3V LED strip to connect to arduino pro mini

Hi All,
I am starting to do a project with the pro mini where i need to drive this scenario.

2 strips led , those lengths , any guidance on how to achieve this , the I/o is 40ma max

2 x each strip will draw about 500ma as i calculated max and running about 1/2 that.

i would want to run this on like a lipo 3.7V ~15,000 mha. :slight_smile:

The Arduino’s output pin does not supply the current only a data signal so that circuit is nearly right. Put a 470R resistor in seriese with each data signal and a 470uF capacitor across the power pins of each strip.

Grumpy_Mike:
The Arduino’s output pin does not supply the current only a data signal so that circuit is nearly right. Put a 470R resistor in seriese with each data signal and a 470uF capacitor across the power pins of each strip.

can you please do a quick drawing as to what you mean?

also if i was to go with RGB strip how would this play out?

also if i was to go with RGB strip how would this play out?

That is an RGB strip? Do you mean non addressable strip? If st that would be totally different and you would need FETs to turn on each colour but you couldn't drive it very well from just a 3.7V battery.

can you please do a quick drawing as to what you mean?

From Basic Connections | Adafruit NeoPixel Überguide | Adafruit Learning System

awesome, would you know an efficient way to have 48x20ma neopixel draw minimal power ?
it claims somewhere that a 15000mah on 3V strip can last about 7 hours. any thoughts?

in the pic i sent i did

48 led * 10ma at (parking light style) and 20ma when (brake style lighting)

480ma draw vs 960ma when needed here and there.
am i right to assume that the battery would last 15000mah/960ma =~15 hours or 31 hrs constant before depletion if that is all i am running (without arduino ofcourse)

would you know an efficient way to have 48x20ma neopixel draw minimal power

Just send smaller numbers to it. A brightness value of about 8 is very bright if you are looking directly at it.

am i right to assume that the battery would last 15000mah/960ma =~15 hours

In theory that is the maximum you would get. In practice batteries don't often live up to their billing. The manufacturers set the discharge rate to some secret value that makes the end mAh as big as possible. They do lots of tests to find the best discharge rate.

Grumpy_Mike:
Just send smaller numbers to it. A brightness value of about 8 is very bright if you are looking directly at it.
In theory that is the maximum you would get. In practice batteries don't often live up to their billing. The manufacturers set the discharge rate to some secret value that makes the end mAh as big as possible. They do lots of tests to find the best discharge rate.

cool so for Neopixel it works by brightness numbers, that is nice on the same I/O ex: either 5 or 8

now if i use about 8000MAH for calculation that would be more than safe correct? also what about charging a cap and releasing charge to the circuit so often to prolong life , any idea of a circuit like this?

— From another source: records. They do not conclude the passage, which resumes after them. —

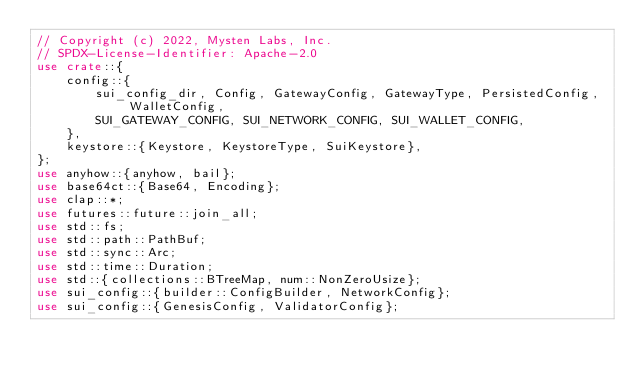<code> <loc_0><loc_0><loc_500><loc_500><_Rust_>// Copyright (c) 2022, Mysten Labs, Inc.
// SPDX-License-Identifier: Apache-2.0
use crate::{
    config::{
        sui_config_dir, Config, GatewayConfig, GatewayType, PersistedConfig, WalletConfig,
        SUI_GATEWAY_CONFIG, SUI_NETWORK_CONFIG, SUI_WALLET_CONFIG,
    },
    keystore::{Keystore, KeystoreType, SuiKeystore},
};
use anyhow::{anyhow, bail};
use base64ct::{Base64, Encoding};
use clap::*;
use futures::future::join_all;
use std::fs;
use std::path::PathBuf;
use std::sync::Arc;
use std::time::Duration;
use std::{collections::BTreeMap, num::NonZeroUsize};
use sui_config::{builder::ConfigBuilder, NetworkConfig};
use sui_config::{GenesisConfig, ValidatorConfig};</code> 
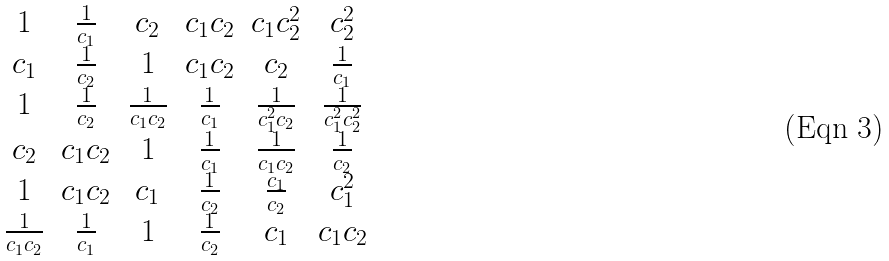Convert formula to latex. <formula><loc_0><loc_0><loc_500><loc_500>\begin{matrix} 1 & \frac { 1 } { c _ { 1 } } & c _ { 2 } & c _ { 1 } c _ { 2 } & c _ { 1 } c _ { 2 } ^ { 2 } & c _ { 2 } ^ { 2 } \\ c _ { 1 } & \frac { 1 } { c _ { 2 } } & 1 & c _ { 1 } c _ { 2 } & c _ { 2 } & \frac { 1 } { c _ { 1 } } \\ 1 & \frac { 1 } { c _ { 2 } } & \frac { 1 } { c _ { 1 } c _ { 2 } } & \frac { 1 } { c _ { 1 } } & \frac { 1 } { c _ { 1 } ^ { 2 } c _ { 2 } } & \frac { 1 } { c _ { 1 } ^ { 2 } c _ { 2 } ^ { 2 } } \\ c _ { 2 } & c _ { 1 } c _ { 2 } & 1 & \frac { 1 } { c _ { 1 } } & \frac { 1 } { c _ { 1 } c _ { 2 } } & \frac { 1 } { c _ { 2 } } \\ 1 & c _ { 1 } c _ { 2 } & c _ { 1 } & \frac { 1 } { c _ { 2 } } & \frac { c _ { 1 } } { c _ { 2 } } & c _ { 1 } ^ { 2 } \\ \frac { 1 } { c _ { 1 } c _ { 2 } } & \frac { 1 } { c _ { 1 } } & 1 & \frac { 1 } { c _ { 2 } } & c _ { 1 } & c _ { 1 } c _ { 2 } \end{matrix}</formula> 
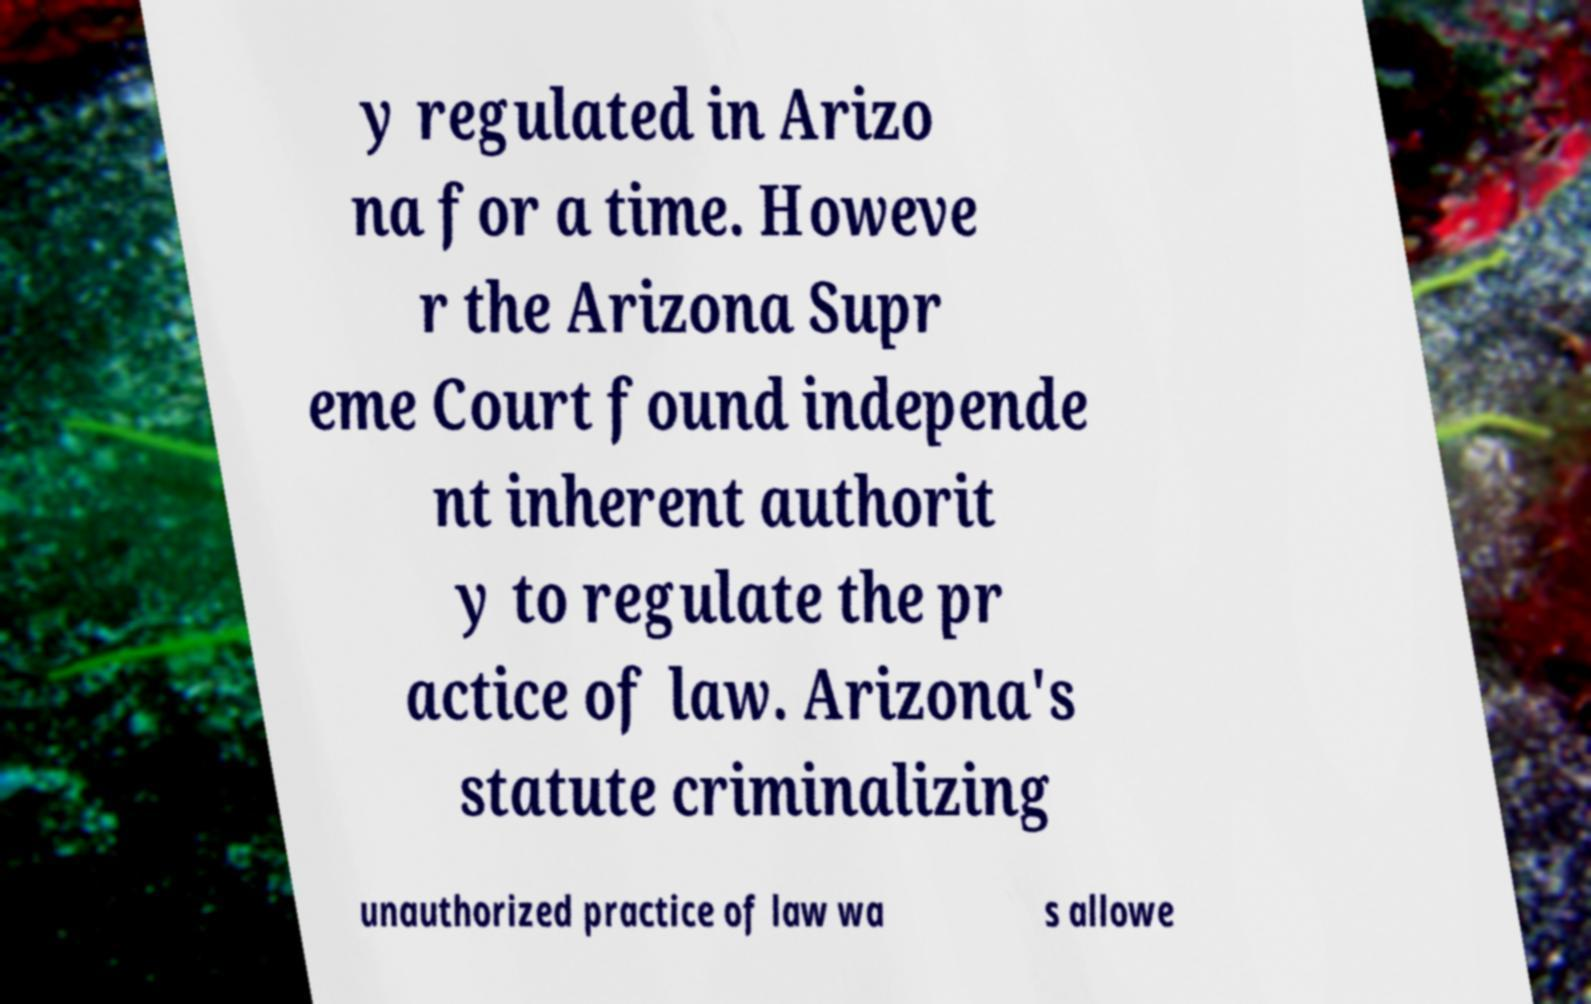Can you accurately transcribe the text from the provided image for me? y regulated in Arizo na for a time. Howeve r the Arizona Supr eme Court found independe nt inherent authorit y to regulate the pr actice of law. Arizona's statute criminalizing unauthorized practice of law wa s allowe

also what would i expect the arduino to be pulling around? 50-100ma?

8000MAH

it is written 8000 mAh. What you wrote would require a small power station to supply.

also what about charging a cap and releasing charge to the circuit so often to prolong life

Pointless as it would not prolong anything.

destiny2008:
cool so for Neopixel it works by brightness numbers, that is nice on the same I/O ex: either 5 or 8

now if i use about 8000MAH for calculation that would be more than safe correct? also what about charging a cap and releasing charge to the circuit so often to prolong life , any idea of a circuit like this?

also what would i expect the arduino to be pulling around? 50-100ma?

"NEOPIXEL' brand LEDs use the WS2812B chip - with an RGB 5050 LED they draw 20ma per LED, so 60ma per chip or 'Pixel' as some vendors call them.

That is at full R 255 G255 B 255 and 100% brightness.

I regularly power strips of 16/24/32 with the power pin from an ESP8266 as I am a) rarely turning all LEDs on at the same time and b) rarely turning any LEDs to full brightness.

It would help if you gave a usage scenario. If you are trying to make a fancy brake light, save your money - you can buy one that does a bunch of functions for less than the cost of the parts of using an Arduino.